There is now a noticeable shift away from using LIMS packages just for QA/QC. Instead many laboratories, particularly those in the pharmaceutical sector, are seeking ways to implement whole solutions capable of supporting analytical research and development. This frequently takes the form of several LIMS systems of differing complexity operating under the same umbrella to support the whole range of management tasks in research and development. LIMS are now set to underpin the huge growth in genetic and proteomic information on disease markers and new drugs candidates.

Too much of a good thing
The amount of data produced by today's instruments is much larger than that produced a few years ago and it is easy to see how the scale of this could get out of hand. In 2000, the central sequencing facility at the University Medical Centre, Nijmegen was faced with the task of implementing a software solution to help control and organise the large amounts of sequencing data it was producing.
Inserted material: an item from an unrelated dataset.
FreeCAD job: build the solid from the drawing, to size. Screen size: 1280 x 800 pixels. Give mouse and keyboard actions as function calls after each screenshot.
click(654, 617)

Dr Erik Sistermans, who runs the facility in the Department of Human Genetics, explained: "Two years ago, when the facility was first set up, we created a simple Indexed Sequential Array Method (ISAM) system where users could log into the department server and then access the system to input their sample information. At this point, we had a gel-based sequencer that was handling approximately 15,000 sequences a year. However, an increased demand on our services meant we soon needed another instrument to cope. Our capacity expanded enormously with this 96-capillary machine and we knew we would have to eventually cope with this information. As expected, the database grew so large that we couldn't get all the data onto a normal computer, and we decided it was then time to get a more professional system."
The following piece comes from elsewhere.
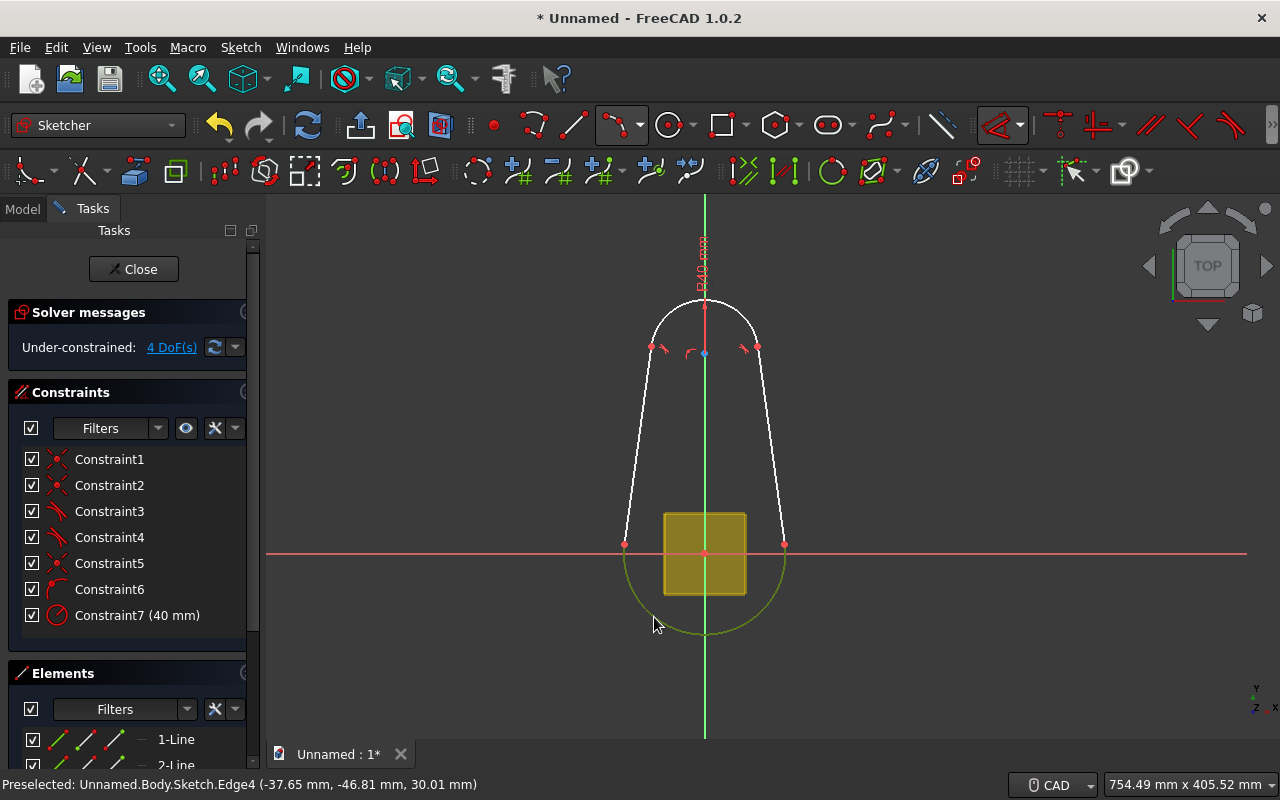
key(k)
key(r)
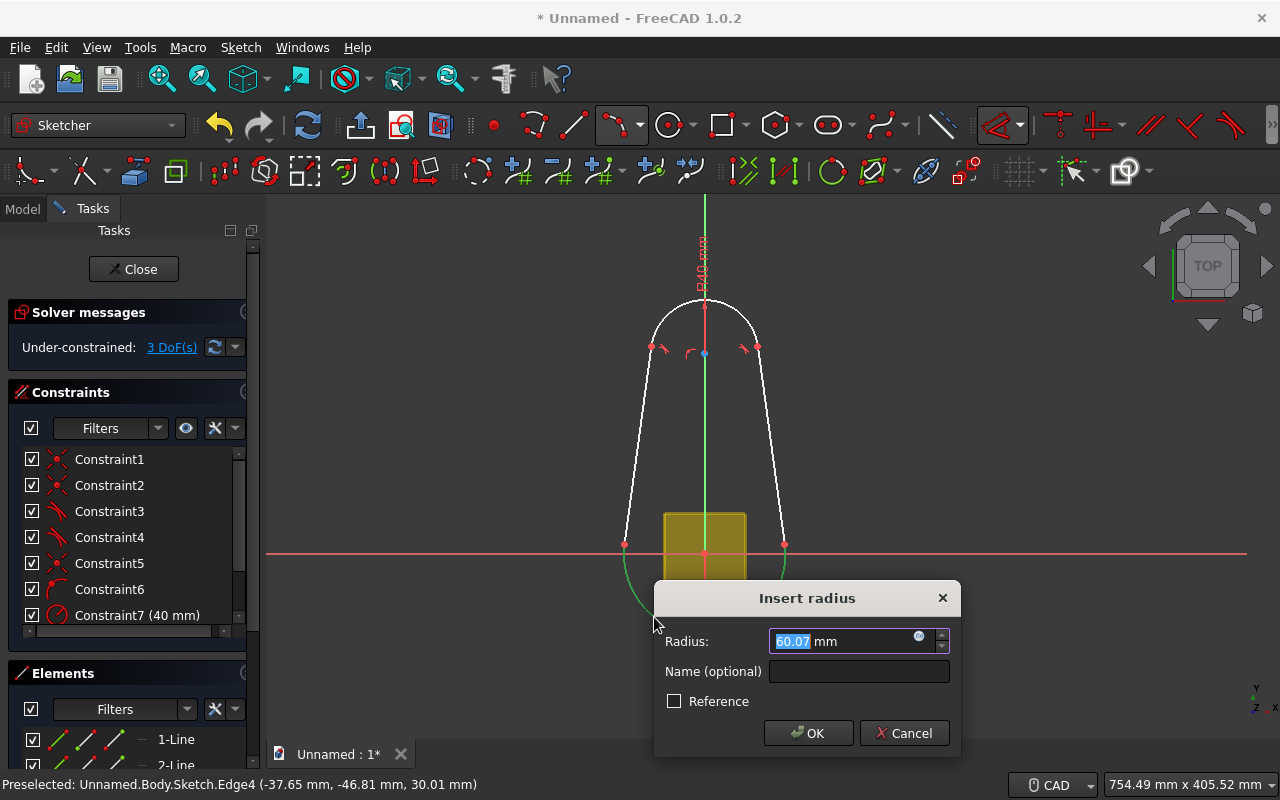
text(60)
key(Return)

The University Medical Centre opted for an Applied Biosystems SQL*GT LIMS. The system is now up and running, and is proving popular with the facility's researchers. "Often there is a technical language barrier between computer scientists and biomedical scientists. They're talking bytes and we're talking nucleotides. But I'm very pleased that, although the system itself is rather complicated, it is very easy for our researchers to use," explained Dr Sistermans. "The simple web interface allows them to type in their sample information and later use the same web browser to retrieve, download and view their data. We rarely have any complaints about the system, which is very important."
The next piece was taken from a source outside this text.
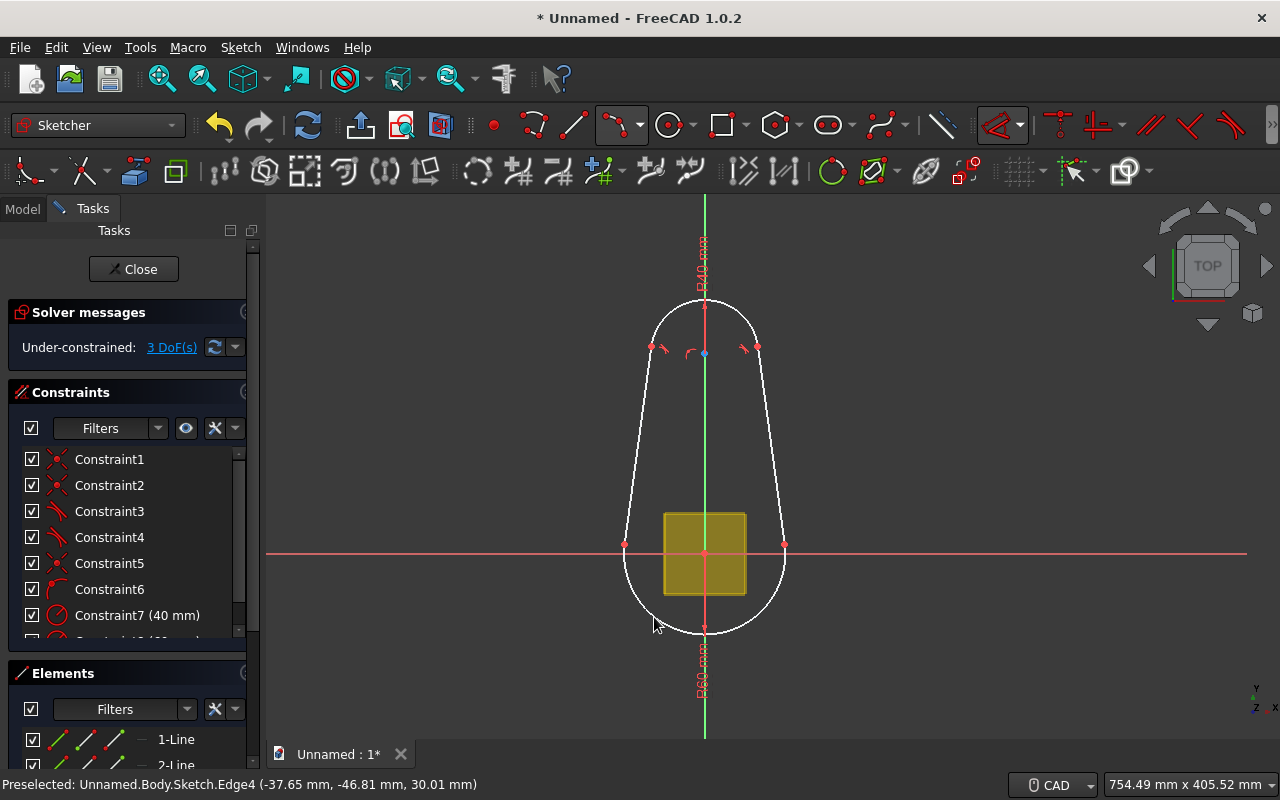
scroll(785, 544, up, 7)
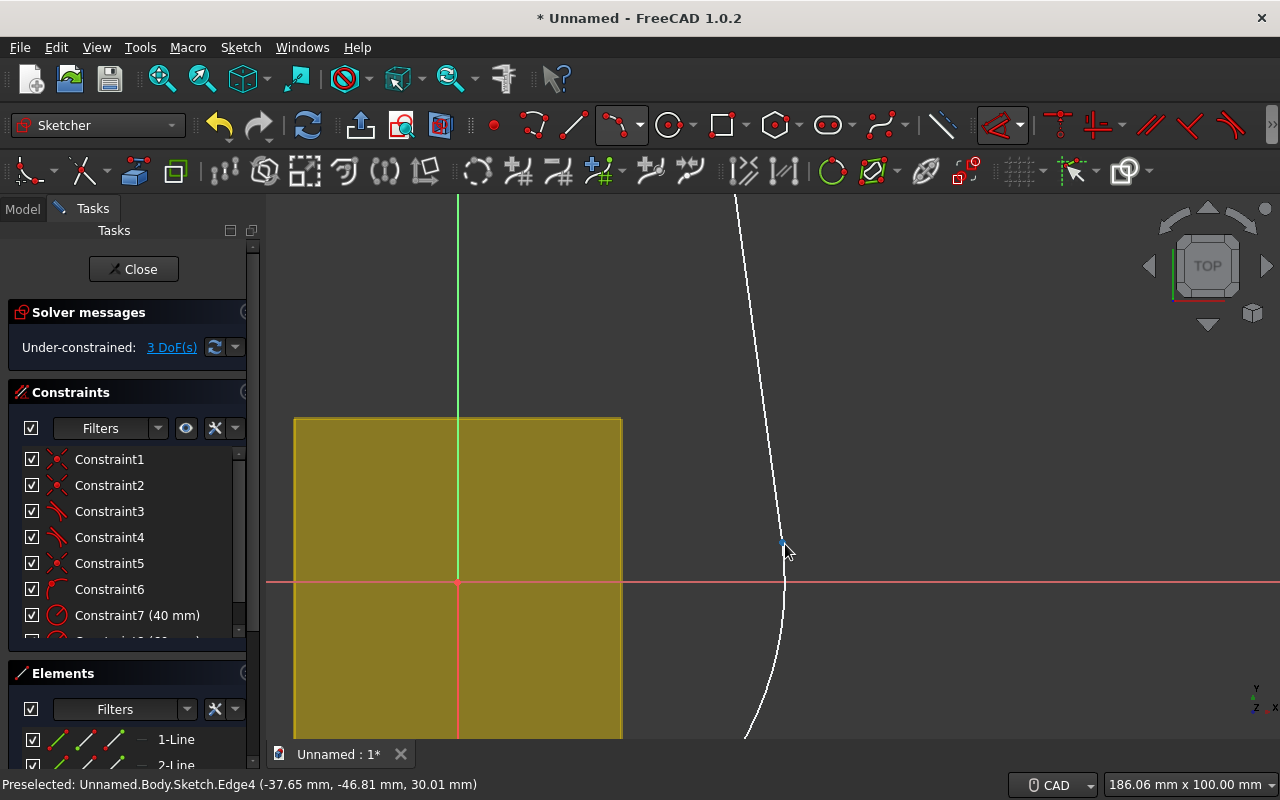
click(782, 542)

The Nijmegen system supports the implementation of other software and will eventually become the backbone for a number of central facilities. "We are planning to use the LIMS for expansion and integrate many other systems into it, for example, separate databases for SNP analysis, arraying and genome scanning facilities. We also want to integrate the patient database of the clinical genetics centre so that, one day in the future, a clinical molecular geneticist can click on a specific patient sample to check, for example, for the presence of a mutation. They could then be transferred to Sequence Collector software to look at that particular DNA sequence if further information is needed."

Genotyping a nation
The University Medical Centre used its informatics solution to solve an organisational problem. Some scientific companies are embracing informatics as a way of directly tackling complex genetic problems and have abandoned the more traditional means of generating results through hypothesis. deCODE genetics, the Icelandic genomics company, is using a population-based approach with advanced data-mining techniques in the hope of generating data that may lead to new products and services in the healthcare industry.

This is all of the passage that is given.